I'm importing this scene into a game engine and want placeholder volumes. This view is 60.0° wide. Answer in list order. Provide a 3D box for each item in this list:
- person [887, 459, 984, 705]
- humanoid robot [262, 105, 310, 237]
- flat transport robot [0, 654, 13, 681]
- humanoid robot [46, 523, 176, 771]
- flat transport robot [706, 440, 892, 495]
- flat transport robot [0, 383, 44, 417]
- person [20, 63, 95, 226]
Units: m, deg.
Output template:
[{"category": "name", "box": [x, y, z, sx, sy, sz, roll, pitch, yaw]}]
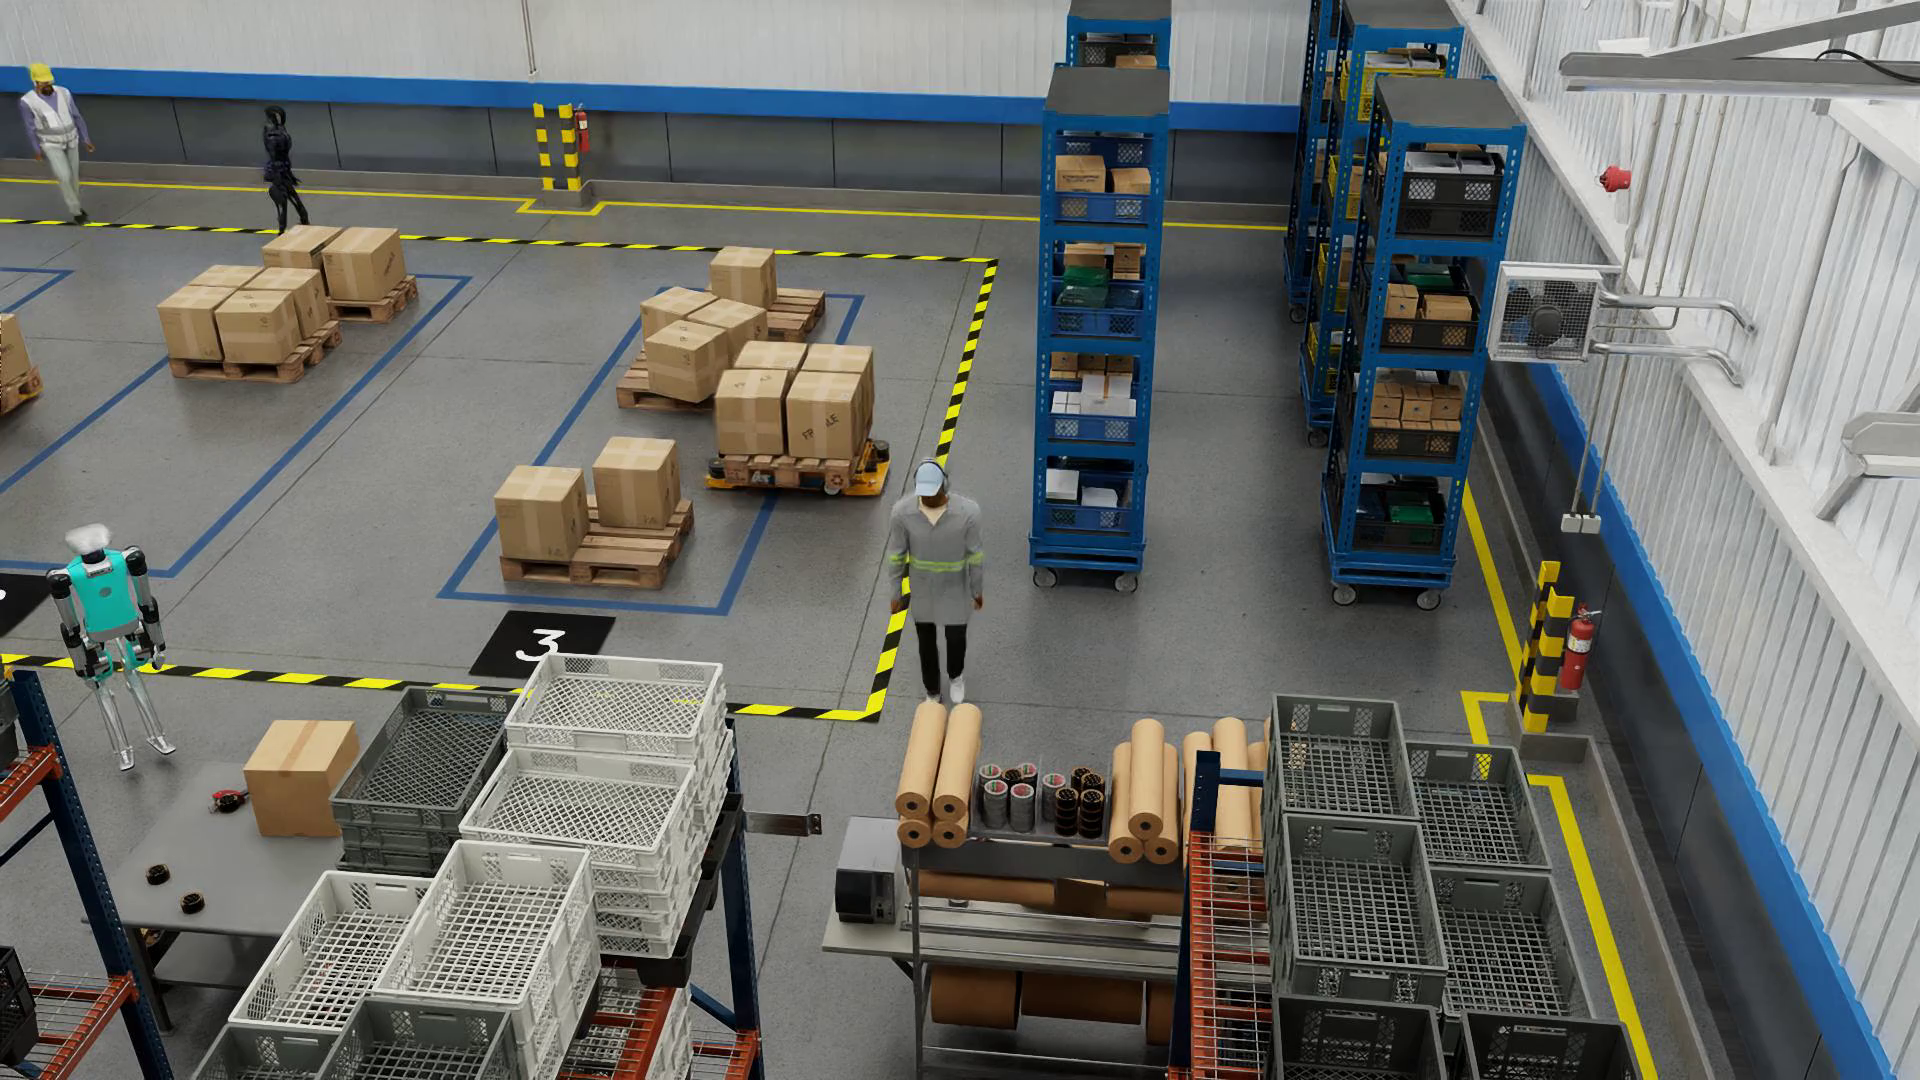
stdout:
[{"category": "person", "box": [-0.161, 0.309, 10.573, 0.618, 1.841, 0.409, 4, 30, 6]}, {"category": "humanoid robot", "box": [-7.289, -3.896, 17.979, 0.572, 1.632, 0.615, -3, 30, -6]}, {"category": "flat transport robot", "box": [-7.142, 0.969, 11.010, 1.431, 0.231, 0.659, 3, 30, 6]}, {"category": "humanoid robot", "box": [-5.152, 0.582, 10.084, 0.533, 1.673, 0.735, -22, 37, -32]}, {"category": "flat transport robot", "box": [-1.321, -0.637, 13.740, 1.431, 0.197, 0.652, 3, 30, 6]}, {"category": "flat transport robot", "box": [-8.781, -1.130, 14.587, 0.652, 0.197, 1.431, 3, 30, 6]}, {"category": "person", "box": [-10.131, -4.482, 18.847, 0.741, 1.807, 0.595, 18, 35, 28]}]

· · · · ·

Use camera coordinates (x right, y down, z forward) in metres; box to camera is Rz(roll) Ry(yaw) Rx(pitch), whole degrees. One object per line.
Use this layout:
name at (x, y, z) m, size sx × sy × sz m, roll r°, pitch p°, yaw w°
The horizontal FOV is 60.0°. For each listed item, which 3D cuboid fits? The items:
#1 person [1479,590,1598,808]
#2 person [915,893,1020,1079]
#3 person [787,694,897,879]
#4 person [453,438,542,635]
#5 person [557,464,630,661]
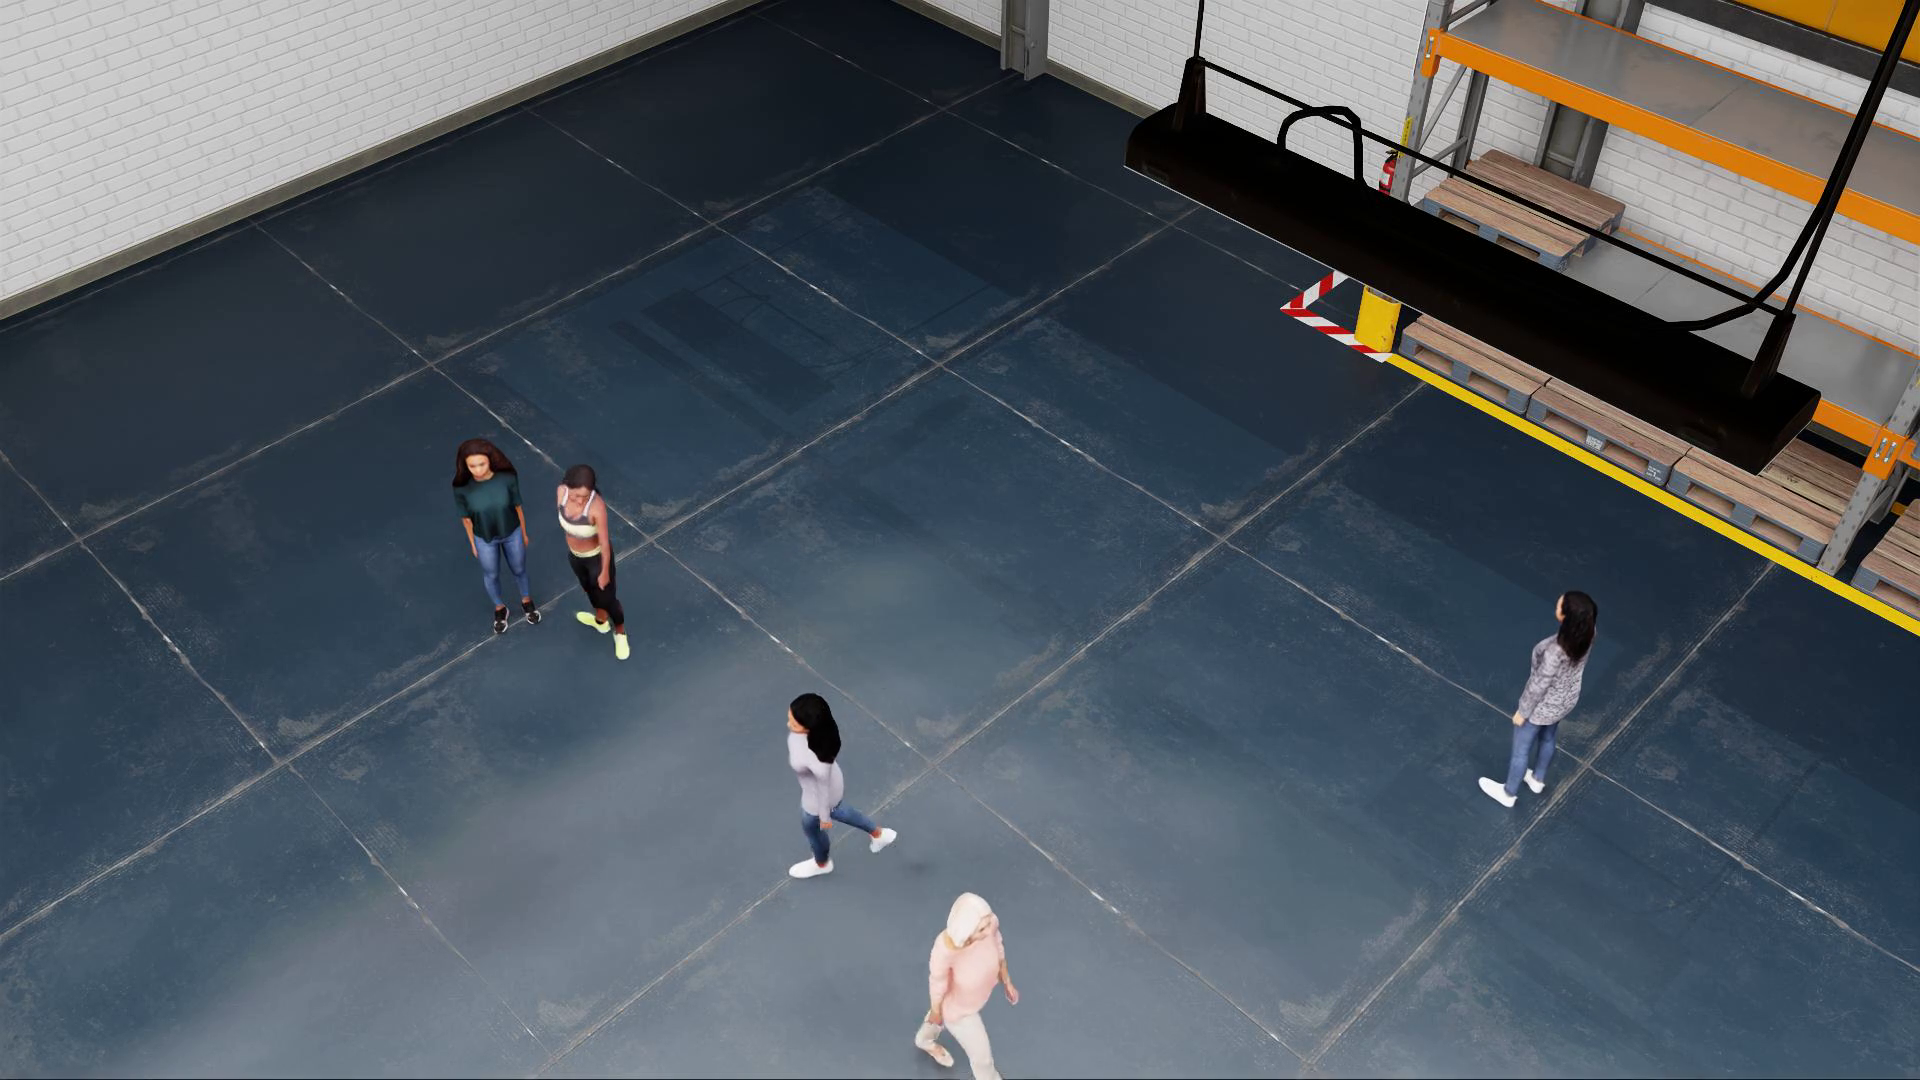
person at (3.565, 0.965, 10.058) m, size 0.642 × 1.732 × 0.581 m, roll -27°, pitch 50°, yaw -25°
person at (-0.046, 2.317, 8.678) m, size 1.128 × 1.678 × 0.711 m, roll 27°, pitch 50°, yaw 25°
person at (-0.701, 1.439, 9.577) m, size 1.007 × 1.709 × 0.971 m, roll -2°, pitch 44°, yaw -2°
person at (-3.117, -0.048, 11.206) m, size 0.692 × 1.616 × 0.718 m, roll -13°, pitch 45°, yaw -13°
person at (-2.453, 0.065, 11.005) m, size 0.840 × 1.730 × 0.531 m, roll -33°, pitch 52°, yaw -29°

· · · · ·

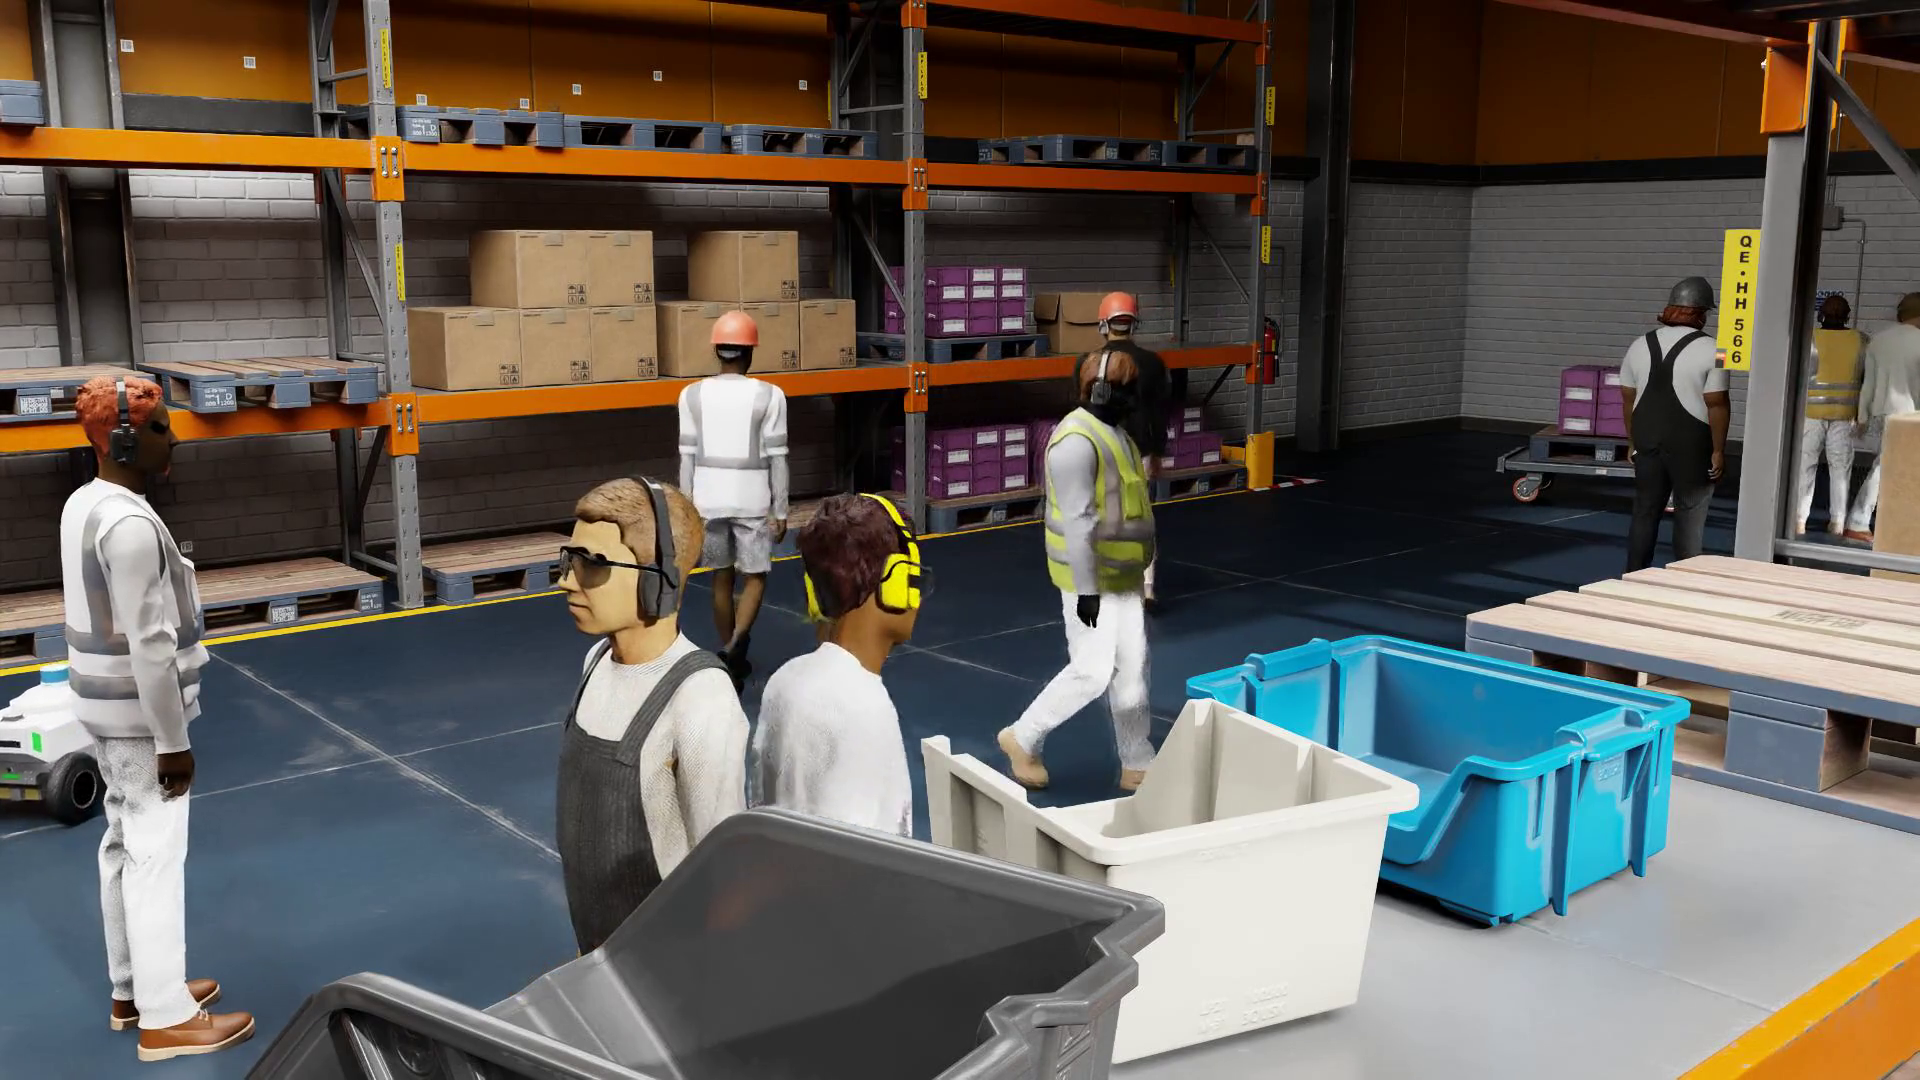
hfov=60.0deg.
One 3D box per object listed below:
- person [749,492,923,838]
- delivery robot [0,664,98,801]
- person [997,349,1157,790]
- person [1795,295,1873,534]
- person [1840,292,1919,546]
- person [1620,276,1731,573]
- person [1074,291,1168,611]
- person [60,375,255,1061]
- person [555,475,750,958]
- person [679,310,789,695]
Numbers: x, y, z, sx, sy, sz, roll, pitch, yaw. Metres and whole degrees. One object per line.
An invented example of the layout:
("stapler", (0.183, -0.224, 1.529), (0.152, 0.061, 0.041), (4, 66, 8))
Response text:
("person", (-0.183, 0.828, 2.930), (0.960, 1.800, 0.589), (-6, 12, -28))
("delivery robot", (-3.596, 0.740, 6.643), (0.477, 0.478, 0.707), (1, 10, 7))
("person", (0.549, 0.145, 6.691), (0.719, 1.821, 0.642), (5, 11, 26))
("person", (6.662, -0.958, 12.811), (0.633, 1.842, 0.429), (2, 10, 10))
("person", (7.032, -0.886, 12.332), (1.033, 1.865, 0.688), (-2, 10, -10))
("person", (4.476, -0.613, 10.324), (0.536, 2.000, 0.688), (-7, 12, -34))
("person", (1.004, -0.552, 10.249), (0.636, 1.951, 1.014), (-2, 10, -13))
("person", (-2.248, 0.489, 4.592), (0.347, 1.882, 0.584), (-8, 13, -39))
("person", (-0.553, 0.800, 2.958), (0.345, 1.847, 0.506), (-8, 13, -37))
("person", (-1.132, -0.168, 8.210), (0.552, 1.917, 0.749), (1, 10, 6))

· · · · ·

| What you are asked to do |
Wherever a line in the data above contains the word "each", copy that line.

| Result of the task |
I'm importing this scene into a game engine and want placeholder volumes. This view is 60.0° wide. Answer in list order. Provide a 3D box for each item in this list:
The horizontal FOV is 60.0°. For each listed item, which 3D cuboid fits? The items:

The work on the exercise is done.